II. The rate base. The commission established the company's rate base by the "original cost depreciated or prudent investment" method which we defined in Davenport Water Co. v. Iowa State Commerce Com'n, 190 N.W.2d 583, 588 (Iowa 1971):

"A rate base determined by 'original cost depreciated or prudent investment' usually consists of original cost of the property used or useful in rendering services, plus working capital, less accumulated depreciation and contributions to construction and capital. This is ordinarily determined by an analysis of the utility's books and records. (Authorities.)"

We approved this method in Davenport Water Co. and implicitly in United Tel. Co. of Iowa v. Iowa State Com., 257 N.W.2d 466, 472-473 (Iowa 1977). The company challenges the method, insisting that the rate base should include things not reflected in book value, such as goodwill. But we believe the cases just cited hold there is no requirement for the commission to make such an adjustment.

The commission on the other hand did make an adjustment to the company's book value by deducting what it found to be unreasonable profits Automatic made in selling goods to the company. In finding Automatic's profits were unreasonable the commission used the "cost standard." Under this standard profits are limited to the recovery of the reasonable cost of furnishing goods and services plus a reasonable return on capital invested in the business.
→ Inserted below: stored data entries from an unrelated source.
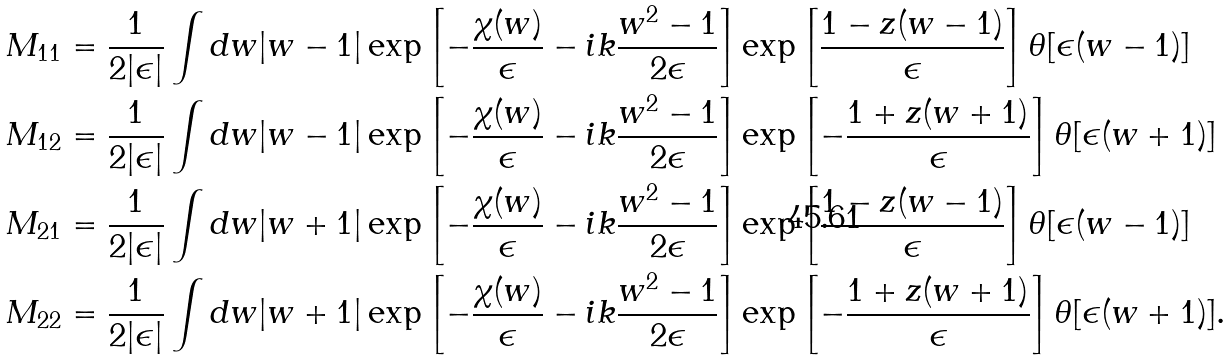<formula> <loc_0><loc_0><loc_500><loc_500>M _ { 1 1 } & = \frac { 1 } { 2 | \epsilon | } \int d w | w - 1 | \exp \left [ - \frac { \chi ( w ) } { \epsilon } - i k \frac { w ^ { 2 } - 1 } { 2 \epsilon } \right ] \exp \left [ \frac { 1 - z ( w - 1 ) } { \epsilon } \right ] \theta [ \epsilon ( w - 1 ) ] \\ M _ { 1 2 } & = \frac { 1 } { 2 | \epsilon | } \int d w | w - 1 | \exp \left [ - \frac { \chi ( w ) } { \epsilon } - i k \frac { w ^ { 2 } - 1 } { 2 \epsilon } \right ] \exp \left [ - \frac { 1 + z ( w + 1 ) } { \epsilon } \right ] \theta [ \epsilon ( w + 1 ) ] \\ M _ { 2 1 } & = \frac { 1 } { 2 | \epsilon | } \int d w | w + 1 | \exp \left [ - \frac { \chi ( w ) } { \epsilon } - i k \frac { w ^ { 2 } - 1 } { 2 \epsilon } \right ] \exp \left [ \frac { 1 - z ( w - 1 ) } { \epsilon } \right ] \theta [ \epsilon ( w - 1 ) ] \\ M _ { 2 2 } & = \frac { 1 } { 2 | \epsilon | } \int d w | w + 1 | \exp \left [ - \frac { \chi ( w ) } { \epsilon } - i k \frac { w ^ { 2 } - 1 } { 2 \epsilon } \right ] \exp \left [ - \frac { 1 + z ( w + 1 ) } { \epsilon } \right ] \theta [ \epsilon ( w + 1 ) ] .</formula> 
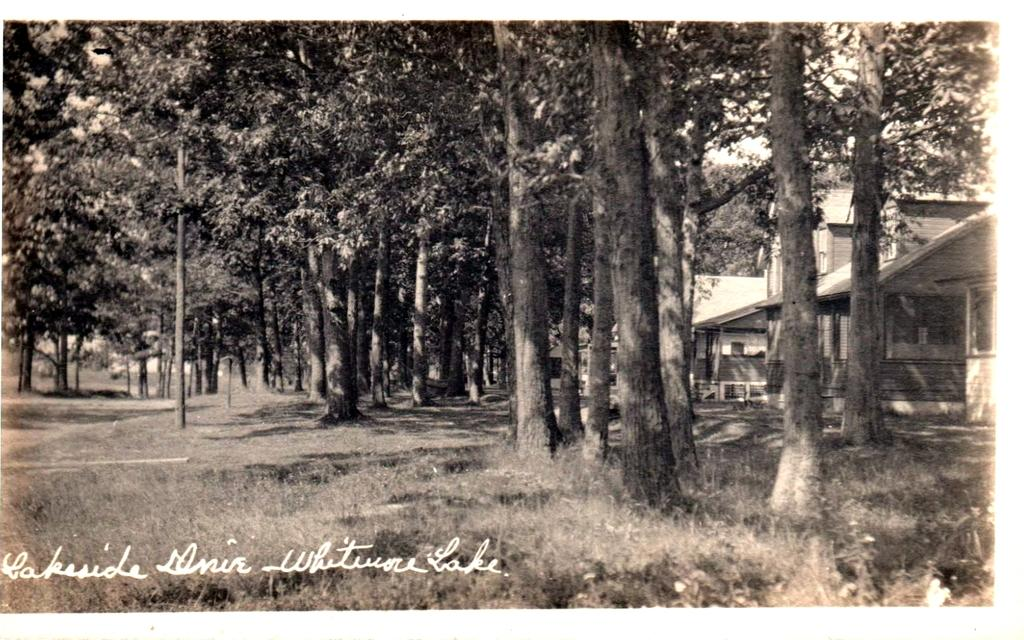What is the color scheme of the image? The image is black and white. What type of structures can be seen in the image? There are houses in the image. What type of vegetation is present in the image? There are trees in the image. What is visible in the background of the image? The sky is visible in the image. Can you describe the coat that the tree is wearing in the image? There is no coat present on the tree in the image, as trees do not wear clothing. 
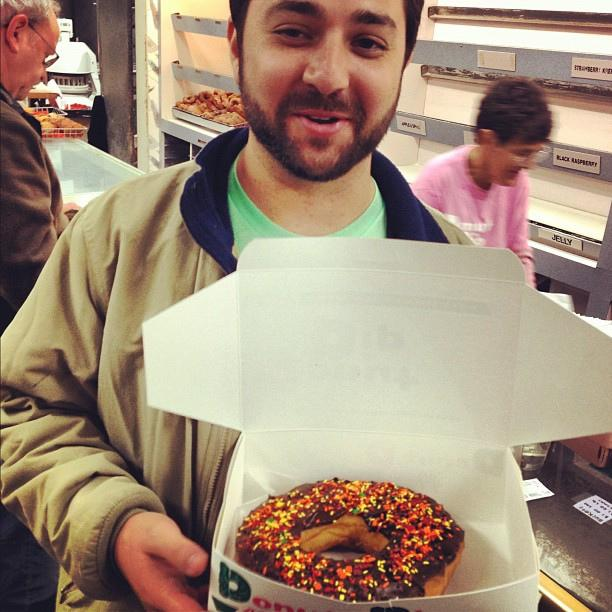What food nutrients are lacking in this food? vitamins

Applying the cost standard, the commission again used the original cost depreciated or prudent investment method. The resulting reduction was consistent with the commission's guiding philosophy in rate making: the obtaining of maximum service with minimum cost for the public. The commission refused to consider costs which it believed were not justified in providing service.

In determining the reasonableness of Automatic's profits in its transactions with the company, the commission rejected methods the company proposed for making the determination. The company wished to...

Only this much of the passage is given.